Timeline: Key dates and milestones in the S&P 500's history
Standard & Poor's, initially known as the Standard Statistics Company, created its first stock market index in 1923. It consisted of the stocks of 233 companies and was computed weekly.
Three years later, it developed a 90-stock composite price index computed daily. That was expanded over the years.
On March 4, 1957, the Standard & Poor's 500 was introduced.
The S&P 500 index has became synonymous with the term "U.S. stock market." It is one of the leading benchmarks for the market, even though others, including the Russell and Wilshire indexes, are broader measures of the market. Still, investors use the S&P 500 as the main index to measure their portfolios' performance, with roughly $5.6 trillion benchmarked to the S&P 500.
The S&P's 500 companies represent the U.S. market more broadly than the Dow Jones industrial average, which includes the stocks of only 30 companies.
American Telephone and Telegraph was the heaviest-weighted stock in the index in 1957. The company, now known as AT&T , is the 11th-largest company in the S&P 500 index.
Today the S&P 500 index has a total market cap of about $14.96 trillion. Sixty-nine of the 500 original companies remain in the S&P 500 today.
Below are some key dates and milestones in the history of the S&P 500.
1923: Standard Statistics Company, as S&P was formerly known, develops its first stock market index consisting of the stocks of 233 U.S. companies, computed weekly.
1926: Standard Statistics creates a 90-stock composite price index, computed daily.
March 4, 1957: The Standard & Poor's 500 index is introduced, tracking the performance of the stocks of 500 leading U.S. companies. With a total market capitalization of $172 billion, the S&P 500 followed the performance of 425 industrial, 15 rail and 60 utility stocks.
1958: S&P 500 ends the year up 38.06 percent, its best year in terms of percentage gain.
June 4, 1968: S&P 500 closes above 100 for the first time.
August 31, 1976: Vanguard introduces the first retail index mutual fund, the Vanguard First Index Investment Trust, which tracks the S&P 500, allowing individual investors for the first time to buy into the broad market with a single purchase. The fund, now known as the Vanguard 500 Index Fund , has $125 billion in assets.
April 21, 1982: The Chicago Mercantile Exchange begins trading futures based on the S&P 500.
July 1, 1983: Options contracts based on the S&P 500 index begin trading on the Chicago Board Options Exchange.

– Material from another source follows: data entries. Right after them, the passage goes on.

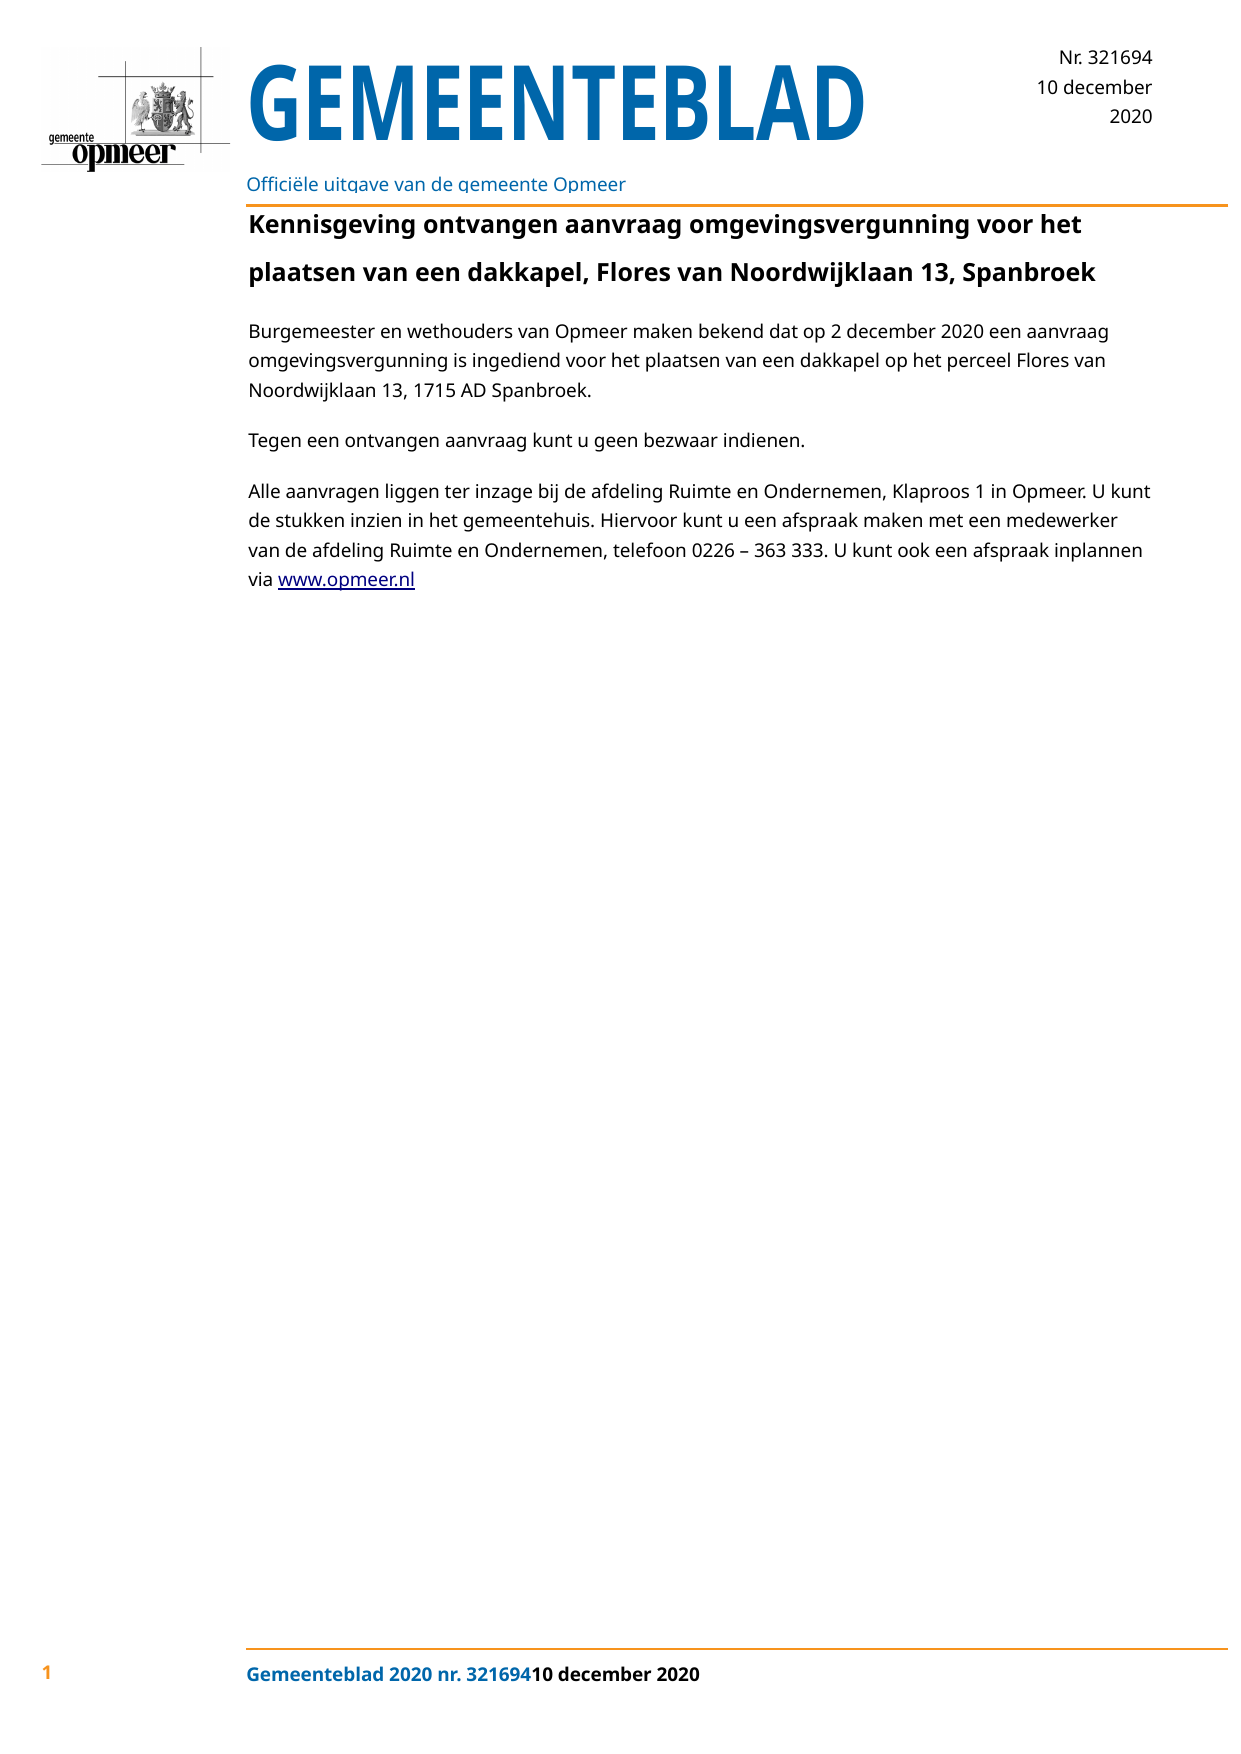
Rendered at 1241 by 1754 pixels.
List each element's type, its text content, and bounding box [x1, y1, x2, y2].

text Burgemeester en wethouders van Opmeer maken bekend dat op 2 december 2020 een aanvraag omgevingsvergunning is ingediend voor het plaatsen van een dakkapel op het perceel Flores van Noordwijklaan 13, 1715 AD Spanbroek. [248, 318, 1152, 403]
text Kennisgeving ontvangen aanvraag omgevingsvergunning voor het plaatsen van een dakkapel, Flores van Noordwijklaan 13, Spanbroek [248, 207, 1152, 288]
text Tegen een ontvangen aanvraag kunt u geen bezwaar indienen. [248, 427, 1152, 453]
picture [41, 47, 231, 172]
text Alle aanvragen liggen ter inzage bij de afdeling Ruimte en Ondernemen, Klaproos 1 in Opmeer. U kunt de stukken inzien in het gemeentehuis. Hiervoor kunt u een afspraak maken met een medewerker van de afdeling Ruimte en Ondernemen, telefoon 0226 – 363 333. U kunt ook een afspraak inplannen via www.opmeer.nl [248, 478, 1152, 592]

Oct 19, 1987: S&P 500 registers its worst daily percentage loss, falling 20.47 percent. The one-day crash, known as "Black Monday," was blamed on program trading and those using a hedging strategy known as portfolio insurance. Despite the losses, the S&P 500 still ended up that year.

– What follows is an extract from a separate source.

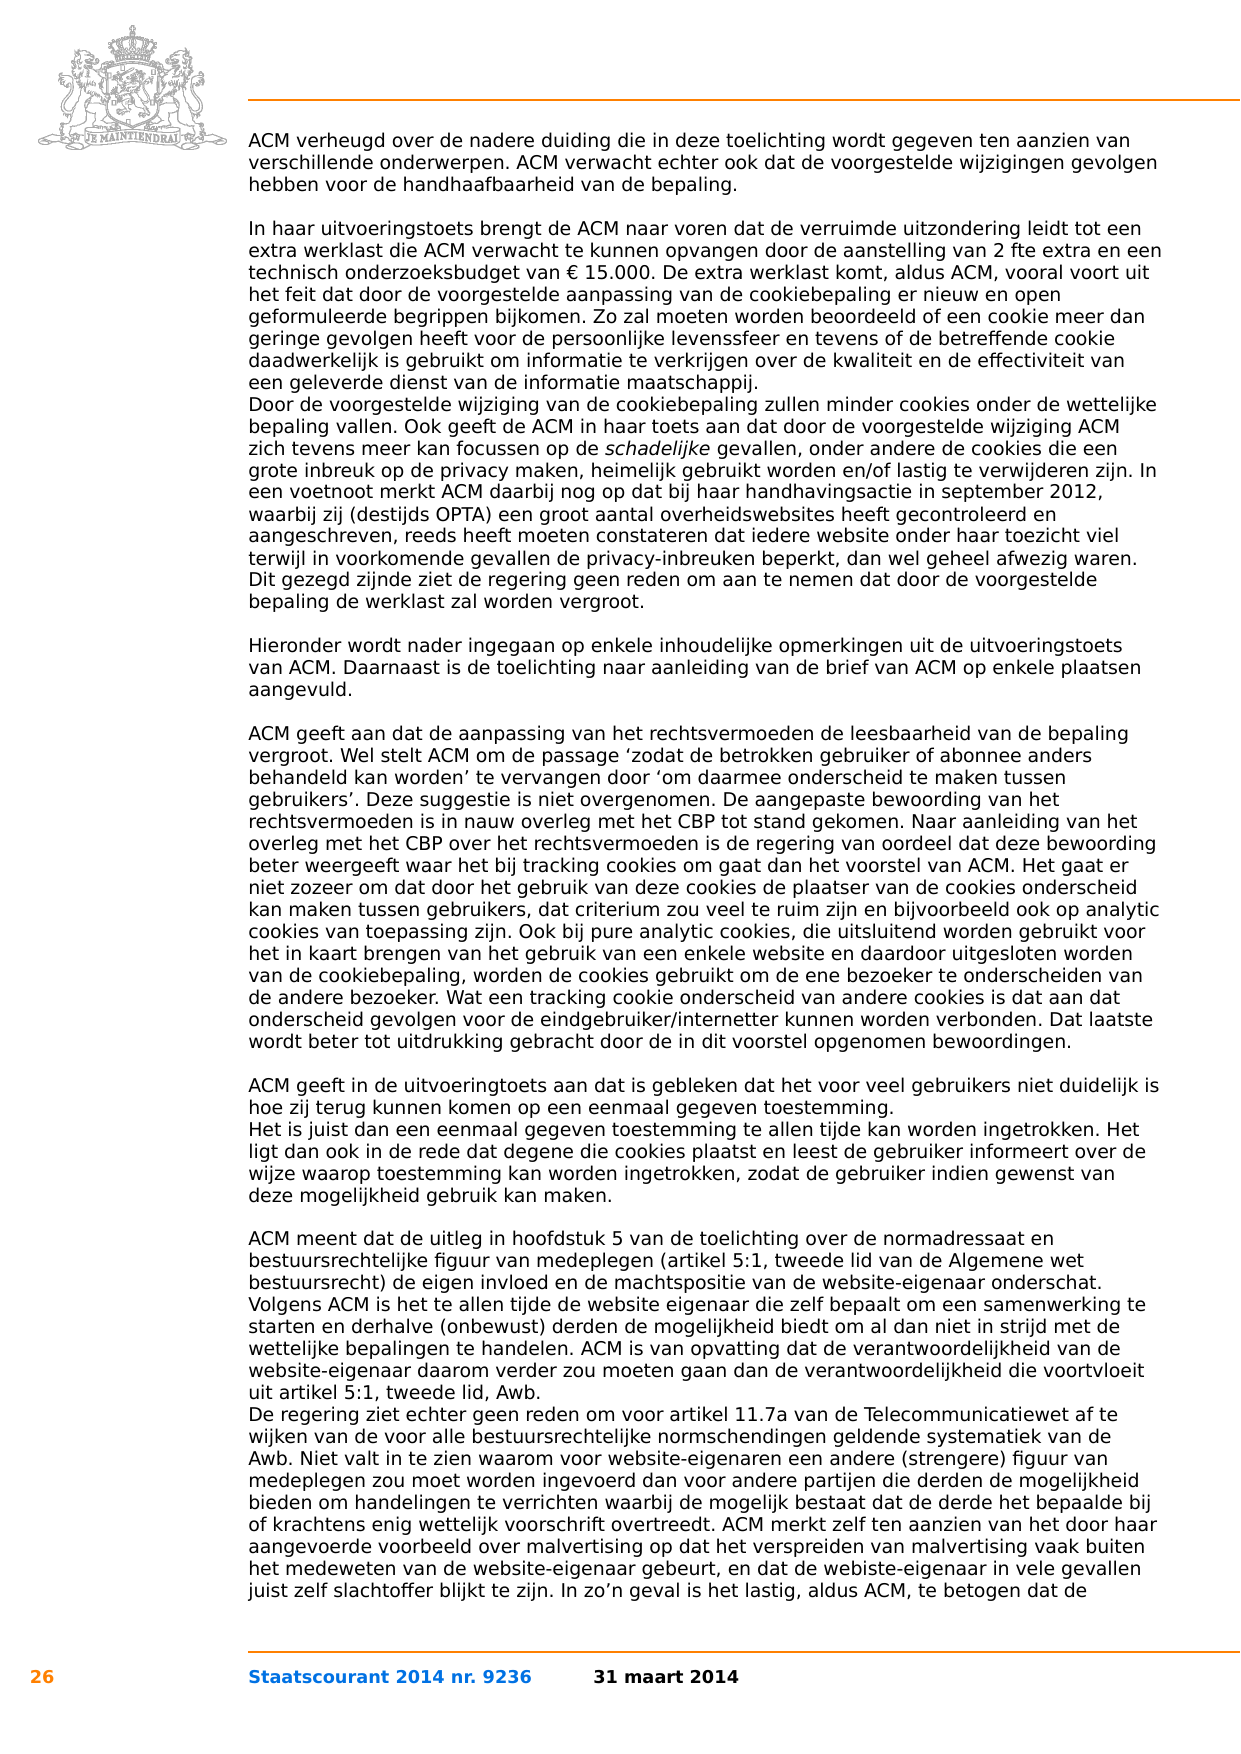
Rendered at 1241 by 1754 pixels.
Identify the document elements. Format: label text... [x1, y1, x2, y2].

January 22, 1993: State Street's Standard & Poor's Depositary Receipts, or the SPDR S&P 500 , an exchange-traded fund (ETF) that tracks the S&P 500's performance, begins trading on the American Stock Exchange. It was the first ETF to trade in the United States. The first SPDR and the many variations that followed are commonly referred to as the "spiders." The fund currently has about $133.8 billion in assets, making it the largest exchange-traded fund in terms of assets.
September 9, 1997: CME introduces the S&P E-mini futures, which is valued at $50 multiplied by the price of the S&P 500, or one-fifth of the size of the "big" S&P futures contract. It has since become the most heavily traded futures contract on the CME.
February 2, 1998: S&P 500 closes above 1,000 for the first time.
March 24, 2000: The S&P 500 index reaches an all-time intraday high of 1,552.87 during the dot-com bubble.
March 24, 2004: Trading begins in futures on the VIX , the CBOE Volatility Index measuring implied volatility of S&P 500 index options. The VIX is known as the market's "fear gauge." It tends to rise when stocks fall. It recently fell to levels not seen since April 2007.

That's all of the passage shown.